Species of flowering plant

Prostanthera prunelloides is a species of flowering plant in the family Lamiaceae and is endemic to eastern New South Wales. It is a shrub with four-ridged branches, egg-shaped to round leaves and white or pale mauve flowers.

==Description==
Prostanthera prunelloides is an erect to spreading shrub that typically grows to a height of 1.5–2 m and has four-ridged, slightly aromatic branches. The leaves are egg-shaped to circular, 16–65 mm long and 9–40 mm wide on a petiole 3–14 mm long.

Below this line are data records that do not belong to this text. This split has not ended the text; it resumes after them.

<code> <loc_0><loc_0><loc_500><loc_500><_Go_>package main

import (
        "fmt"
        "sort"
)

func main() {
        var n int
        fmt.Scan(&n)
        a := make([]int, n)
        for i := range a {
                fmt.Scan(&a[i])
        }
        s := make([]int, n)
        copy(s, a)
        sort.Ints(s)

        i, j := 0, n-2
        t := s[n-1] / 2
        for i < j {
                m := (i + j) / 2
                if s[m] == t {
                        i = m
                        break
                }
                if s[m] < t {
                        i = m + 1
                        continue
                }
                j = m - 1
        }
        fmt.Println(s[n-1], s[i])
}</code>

The flowers are arranged in groups on the ends of branchlets, each flower with bracteoles about 2.5 mm long at the base but that fall off as the flower develops. The sepals are 5–6.5 mm long forming a tube 3–3.5 mm long with two lobes, the upper lobe 2–3 mm long. The petals are white to pale mauve and 12–15 mm long.

==Taxonomy==
Prostanthera prunelloides was formally described in 1810 by Robert Brown in his treatise Prodromus Florae Novae Hollandiae et Insulae Van Diemen.

==Distribution and habitat==
This mintbush grows in forests and woodland, often near creeks, on the coast and tablelands of New South Wales from Murwillumbah to the Budawang Range.